Ничто меня пока особо не настораживало, вот разве что длина, длина коридора была, мягко говоря, преувеличенной; что касается коридора самого по себе, так у нас учреждений без коридоров не бывает, у нас и квартир коммунальных без коридоров нет; а коммунальная квартира, на мой взгляд, — некий род учреждения, малая модификация, так сказать.

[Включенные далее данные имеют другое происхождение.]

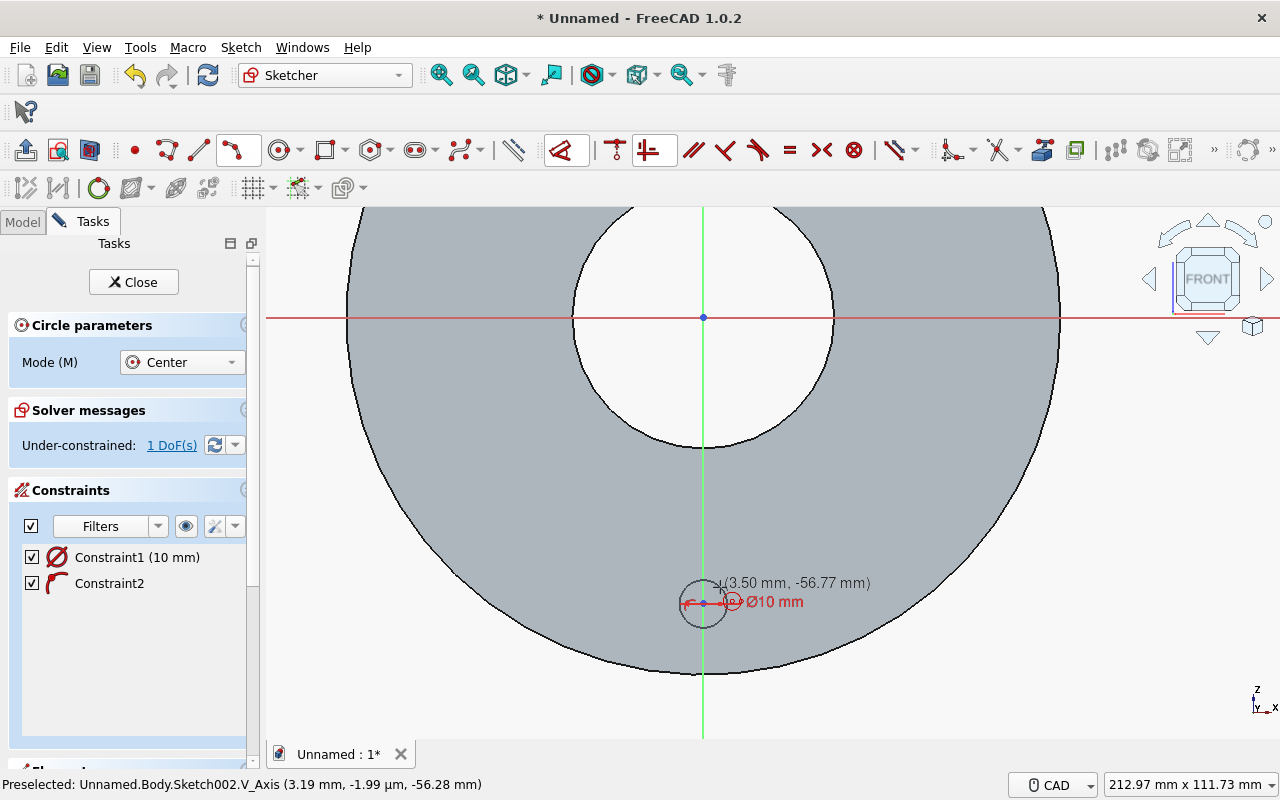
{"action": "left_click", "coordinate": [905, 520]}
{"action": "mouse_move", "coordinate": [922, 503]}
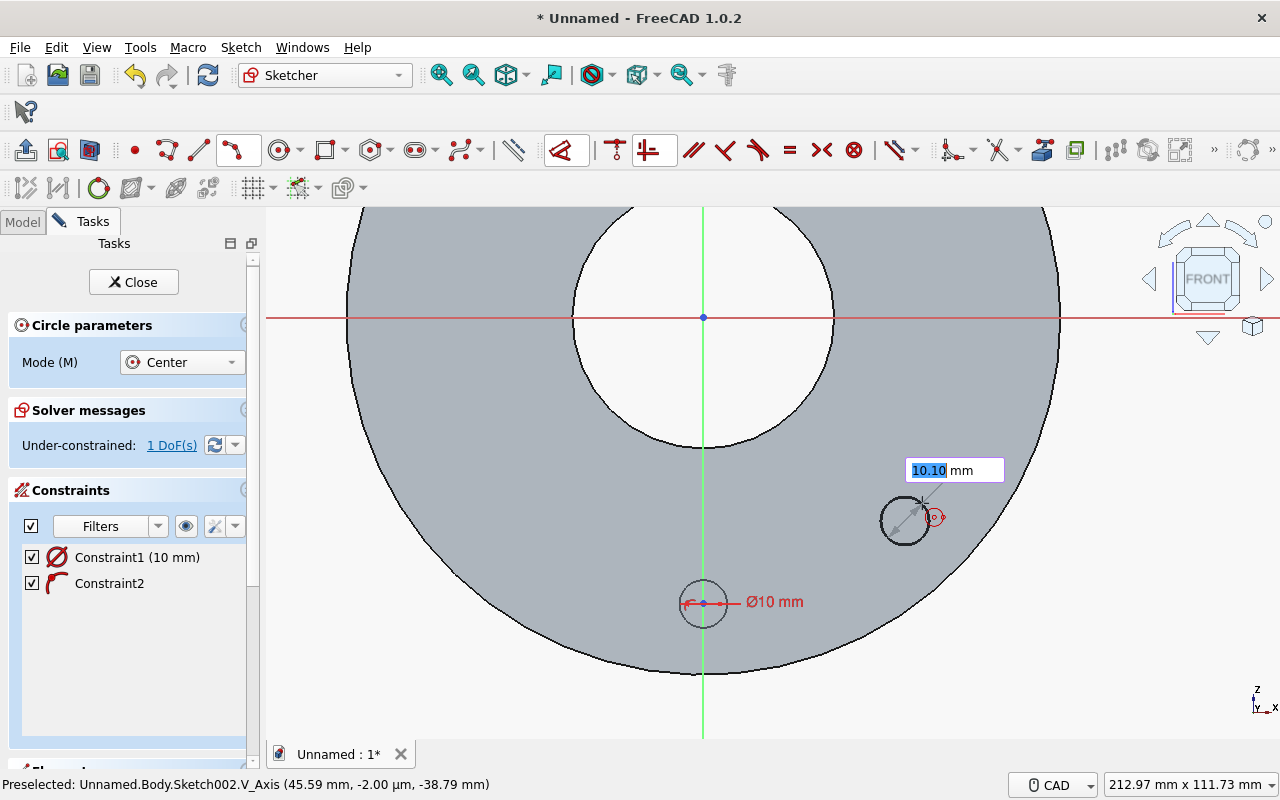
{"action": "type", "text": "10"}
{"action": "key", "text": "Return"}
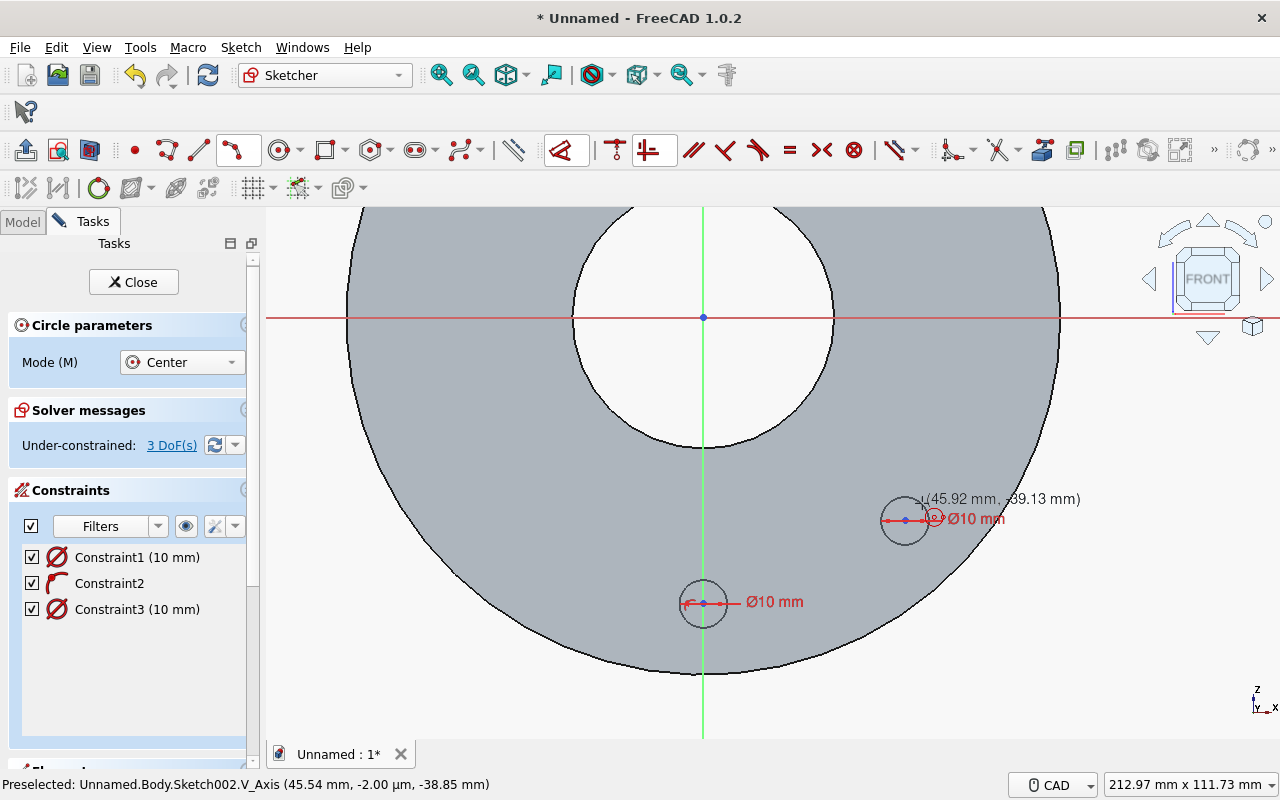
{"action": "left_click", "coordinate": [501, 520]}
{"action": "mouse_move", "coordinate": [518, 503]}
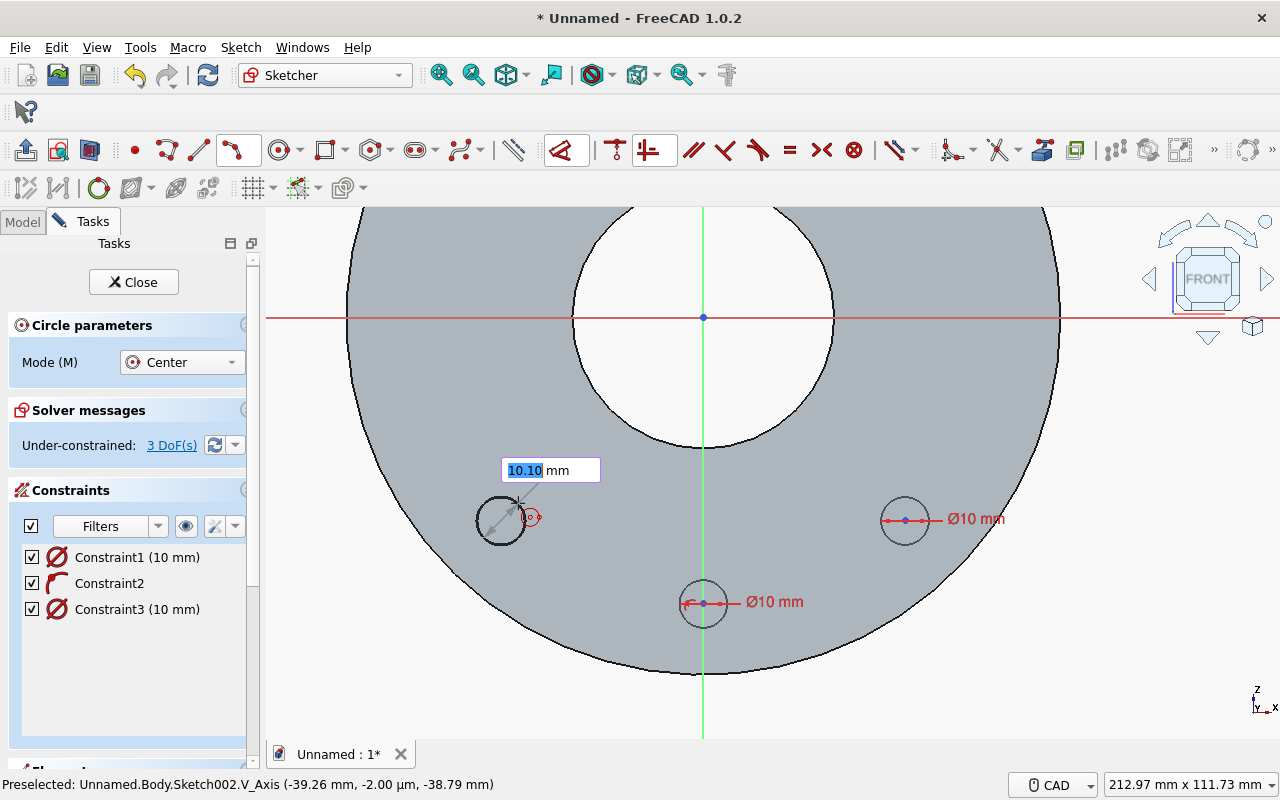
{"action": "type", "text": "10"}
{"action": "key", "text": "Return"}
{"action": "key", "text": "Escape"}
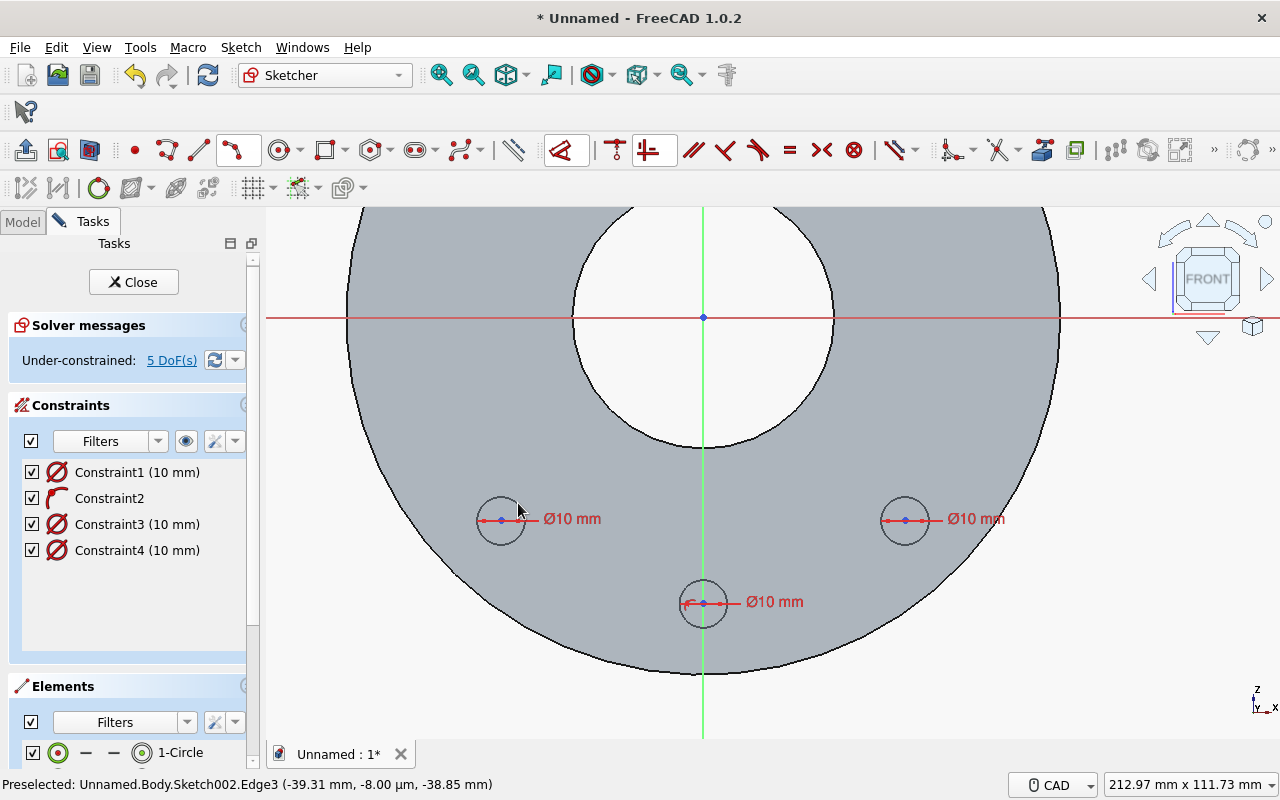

Не знаю, сколько я прошел по нормальной — если можно так считать — части коридора, снабженной с двух сторон закрытыми дверьми с табличками, которые никто никогда не читает; но двери кончились и коридор превратился в анфиладу комнат… жилых, что ли? но я никого не встретил ни в первой, ни во второй, ни в пятой; во всяком случае, это должны были бы быть жилые комнаты, ибо в них стояли вещи, валялись одежды, имелись буфеты, бюро, платяные шкафы, этажерки и прочая мебель. И комнаты-то были очень разные… ну, как бывает в коммунальных квартирах, где справа живет скрипач, слева водопроводчик, а по центру алкоголик беспробудный. Но что-то не видел я квартир в форме анфилады. Это ведь даже не «сугубо смежные», как в объявлениях по обмену пишут, а еще того круче. В некоторых комнатах горел свет. И тишина, безлюдье. Музейно-театральная обстановочка. Декорации по Станиславскому — полная достоверность. Вот, например: шестая (или седьмая?) — огромный пузатый шкаф; в нем костюмы какие-то темные, платья женские длинные и почему-то несколько шляп с полями и со страусовыми перьями. В углу старинный туалет с огромным зеркалом, зажатым между двумя тумбами, состоящими из ящиков. На столешнице перед зеркалом салфеточка вышитая… сейчас, мне кажется, даже старушки салфеточек не вышивают; то ли время не то, то ли старушки не те; жена моя, к примеру, будем живы, не помрем, будет в старости вышивать непременно… ну, да не о том речь; а на салфеточке лежат часы, множество часов разного размера, по большей части огромные старомодные мужские часы типа брегета. И каких только там не было! Серебряные с чернью на отскакивающей крышке; позолоченные с эмалевыми циферблатами с тонюсенько прорисованными цифрами; но больше всего поразила меня тяжеленная, как пасхальное сувенирное яйцо, времен царя Гороха, фарфоровая луковица, уснащенная лепными цветами и листьями по краям, нежного бело-розового цвета. Я взял часы в руки и дальше пошел. В жизни ничего не крал, не брал, не знаю, что меня дернуло; впрочем, мысль была, идя обратно, положить на место; поиграть, вроде как взял, что ли?